#### Records to use ####

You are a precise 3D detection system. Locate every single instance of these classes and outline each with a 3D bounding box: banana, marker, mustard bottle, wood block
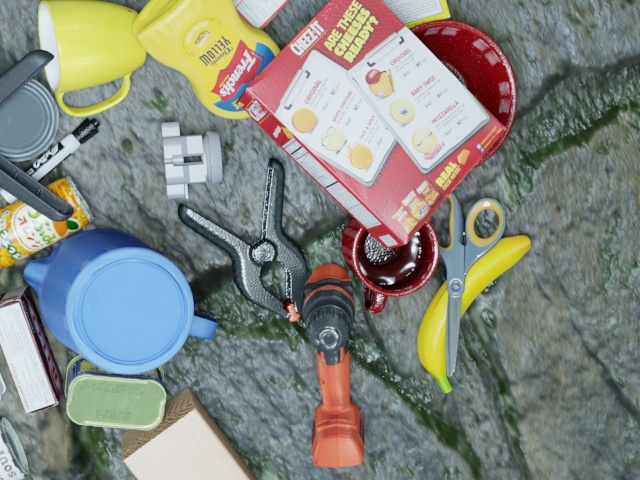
[{"bbox_3d":[0.159,0.068,1.181,0.069,0.037,0.198,30,90,-28],"label":"banana"},{"bbox_3d":[-0.272,-0.082,1.082,0.121,0.020,0.020,-41,102,-5],"label":"marker"},{"bbox_3d":[-0.091,-0.177,1.066,0.096,0.058,0.191,-42,130,5],"label":"mustard bottle"},{"bbox_3d":[-0.111,0.268,1.117,0.091,0.090,0.206,-36,102,-6],"label":"wood block"}]

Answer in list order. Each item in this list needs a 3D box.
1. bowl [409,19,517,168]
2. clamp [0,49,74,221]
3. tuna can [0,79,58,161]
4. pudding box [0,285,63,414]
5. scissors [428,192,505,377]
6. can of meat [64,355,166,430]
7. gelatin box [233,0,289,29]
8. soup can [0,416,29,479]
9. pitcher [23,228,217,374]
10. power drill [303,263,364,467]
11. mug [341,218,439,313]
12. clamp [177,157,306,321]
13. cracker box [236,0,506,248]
[{"bbox_3d":[0.125,-0.151,1.137,0.162,0.055,0.162,-1,96,-12],"label":"bowl"},{"bbox_3d":[-0.334,-0.090,1.023,0.210,0.036,0.164,-5,107,14],"label":"clamp"},{"bbox_3d":[-0.304,-0.122,1.063,0.086,0.034,0.086,-1,96,-12],"label":"tuna can"},{"bbox_3d":[-0.292,0.108,1.062,0.039,0.090,0.113,-21,99,-9],"label":"pudding box"},{"bbox_3d":[0.163,0.039,1.147,0.096,0.016,0.202,-12,77,8],"label":"scissors"},{"bbox_3d":[-0.209,0.155,1.087,0.102,0.084,0.057,6,94,-13],"label":"can of meat"},{"bbox_3d":[-0.066,-0.265,1.099,0.073,0.030,0.089,44,86,-11],"label":"gelatin box"},{"bbox_3d":[-0.354,0.229,1.074,0.102,0.068,0.068,-24,100,-9],"label":"soup can"},{"bbox_3d":[-0.182,0.059,1.002,0.149,0.243,0.145,-26,99,-15],"label":"pitcher"},{"bbox_3d":[0.014,0.132,1.090,0.057,0.184,0.188,-1,106,3],"label":"power drill"},{"bbox_3d":[0.067,0.020,1.131,0.093,0.081,0.117,10,94,-13],"label":"mug"},{"bbox_3d":[-0.057,0.001,1.126,0.120,0.039,0.171,-34,105,-1],"label":"clamp"},{"bbox_3d":[0.050,-0.122,1.049,0.213,0.072,0.164,44,75,-7],"label":"cracker box"}]
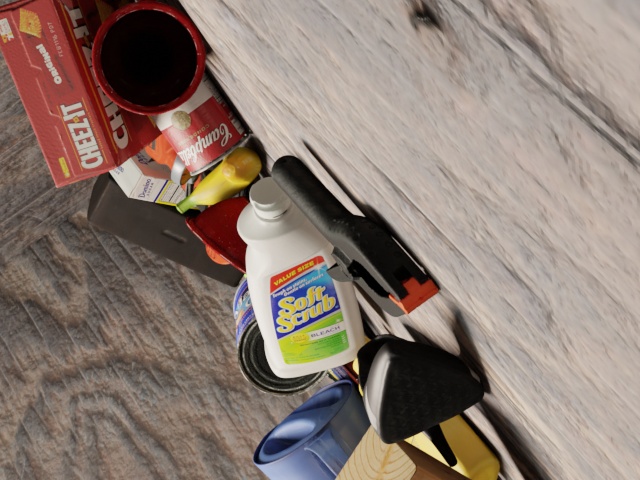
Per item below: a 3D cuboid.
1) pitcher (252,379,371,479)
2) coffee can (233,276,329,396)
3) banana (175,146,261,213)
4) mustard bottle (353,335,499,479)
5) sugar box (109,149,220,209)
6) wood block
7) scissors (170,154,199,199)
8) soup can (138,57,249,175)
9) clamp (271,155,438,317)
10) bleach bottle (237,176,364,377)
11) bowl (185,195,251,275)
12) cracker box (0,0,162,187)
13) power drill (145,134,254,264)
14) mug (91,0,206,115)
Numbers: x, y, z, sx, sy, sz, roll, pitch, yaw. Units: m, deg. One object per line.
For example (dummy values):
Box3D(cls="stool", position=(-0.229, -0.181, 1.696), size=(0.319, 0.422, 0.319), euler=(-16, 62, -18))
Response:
Box3D(cls="pitcher", position=(0.052, 0.279, 1.129), size=(0.243, 0.145, 0.149), euler=(52, -145, -8))
Box3D(cls="coffee can", position=(-0.043, 0.096, 1.175), size=(0.103, 0.103, 0.140), euler=(56, -175, -17))
Box3D(cls="banana", position=(-0.092, -0.063, 1.082), size=(0.037, 0.069, 0.198), euler=(48, 158, -6))
Box3D(cls="mustard bottle", position=(0.090, 0.163, 1.017), size=(0.192, 0.058, 0.096), euler=(50, 160, 31))
Box3D(cls="sugar box", position=(-0.196, -0.085, 1.407), size=(0.175, 0.048, 0.093), euler=(7, -147, -46))
Box3D(cls="wood block", position=(0.112, 0.244, 0.861), size=(0.206, 0.091, 0.090), euler=(34, 180, -23))
Box3D(cls="scissors", position=(-0.129, -0.089, 1.141), size=(0.016, 0.096, 0.202), euler=(30, 177, 0))
Box3D(cls="soup can", position=(-0.123, -0.122, 1.006), size=(0.102, 0.068, 0.068), euler=(55, 173, -13))
Box3D(cls="clamp", position=(0.022, 0.000, 0.762), size=(0.120, 0.039, 0.172), euler=(52, 168, -26))
Box3D(cls="bleach bottle", position=(-0.027, 0.032, 0.949), size=(0.251, 0.102, 0.068), euler=(71, -174, -54))
Box3D(cls="bowl", position=(-0.057, 0.001, 1.099), size=(0.162, 0.055, 0.162), euler=(34, -174, -4))
Box3D(cls="cracker box", position=(-0.217, -0.160, 1.021), size=(0.213, 0.072, 0.164), euler=(-69, -39, -71))
Box3D(cls="power drill", position=(-0.140, -0.083, 1.256), size=(0.188, 0.057, 0.185), euler=(57, 154, 23))
Box3D(cls="mug", position=(-0.148, -0.168, 0.916), size=(0.081, 0.093, 0.117), euler=(-134, 40, -77))
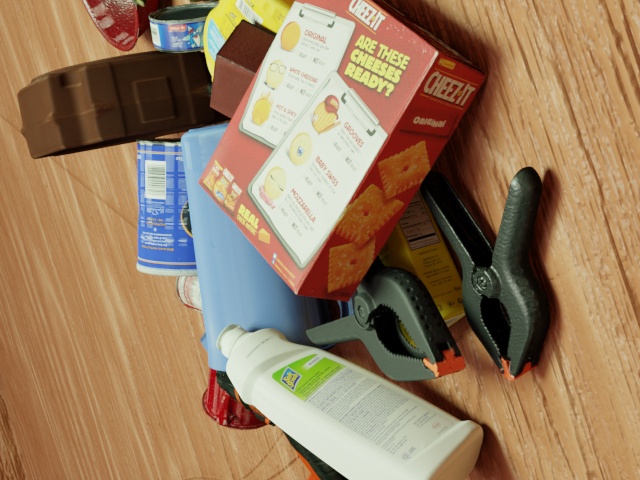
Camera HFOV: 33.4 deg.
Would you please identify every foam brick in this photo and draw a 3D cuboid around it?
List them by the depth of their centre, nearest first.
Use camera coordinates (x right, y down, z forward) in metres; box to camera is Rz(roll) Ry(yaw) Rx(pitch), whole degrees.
[{"bbox_3d":[-0.064,-0.150,0.969,0.051,0.053,0.078,26,148,5],"label":"foam brick"}]

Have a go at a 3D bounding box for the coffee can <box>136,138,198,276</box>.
[{"bbox_3d":[-0.147,-0.038,1.152,0.103,0.102,0.140,14,105,58],"label":"coffee can"}]

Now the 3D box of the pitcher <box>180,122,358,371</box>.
[{"bbox_3d":[-0.057,0.001,1.063,0.145,0.149,0.243,-161,61,-75],"label":"pitcher"}]

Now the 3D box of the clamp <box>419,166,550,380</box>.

####

Task objective ::
Reproduce, character for character, only the lines of the preceding data that start at the line with "6. can of meat [64,355,166,430]" and end at the line with "12. clamp [177,157,306,321]", both included.

Your solution ::
6. can of meat [64,355,166,430]
7. gelatin box [233,0,289,29]
8. soup can [0,416,29,479]
9. pitcher [23,228,217,374]
10. power drill [303,263,364,467]
11. mug [341,218,439,313]
12. clamp [177,157,306,321]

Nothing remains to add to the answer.